▶ _PROBLEM DETAILS_: Output each record verbatim, with pictures left out.

▶ _Dataset records_:
____

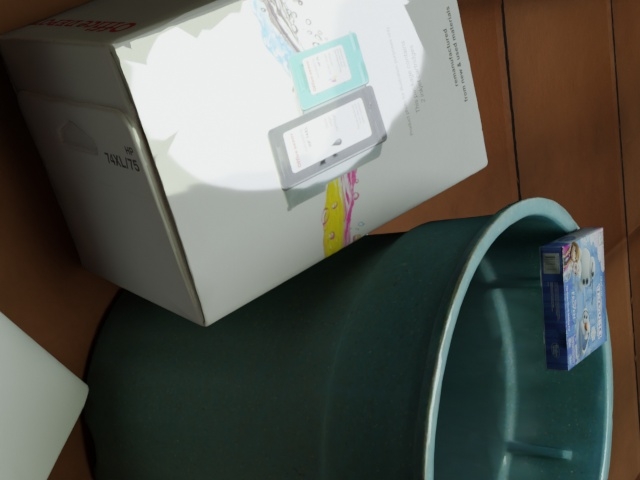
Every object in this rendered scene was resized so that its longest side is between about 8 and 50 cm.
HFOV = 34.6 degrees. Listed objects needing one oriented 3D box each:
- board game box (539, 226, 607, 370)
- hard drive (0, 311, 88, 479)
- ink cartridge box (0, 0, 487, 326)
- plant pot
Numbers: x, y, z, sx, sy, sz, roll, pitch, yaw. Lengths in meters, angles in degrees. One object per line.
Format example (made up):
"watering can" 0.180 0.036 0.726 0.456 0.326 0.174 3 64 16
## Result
"board game box" 0.188 0.041 0.758 0.090 0.020 0.090 -18 106 -56
"hard drive" -0.287 0.100 0.617 0.318 0.040 0.210 55 48 -44
"ink cartridge box" -0.054 -0.101 0.758 0.270 0.198 0.197 -29 117 -29
"plant pot" 0.017 0.135 0.822 0.341 0.334 0.341 -5 96 -57

____

▶ _SOLUTION TO THIS PROBLEM_:
Every object in this rendered scene was resized so that its longest side is between about 8 and 50 cm.
HFOV = 34.6 degrees. Listed objects needing one oriented 3D box each:
- board game box (539, 226, 607, 370)
- hard drive (0, 311, 88, 479)
- ink cartridge box (0, 0, 487, 326)
- plant pot
Numbers: x, y, z, sx, sy, sz, roll, pitch, yaw. Lengths in meters, angles in degrees. One object per line.
Format example (made up):
"watering can" 0.180 0.036 0.726 0.456 0.326 0.174 3 64 16
## Result
"board game box" 0.188 0.041 0.758 0.090 0.020 0.090 -18 106 -56
"hard drive" -0.287 0.100 0.617 0.318 0.040 0.210 55 48 -44
"ink cartridge box" -0.054 -0.101 0.758 0.270 0.198 0.197 -29 117 -29
"plant pot" 0.017 0.135 0.822 0.341 0.334 0.341 -5 96 -57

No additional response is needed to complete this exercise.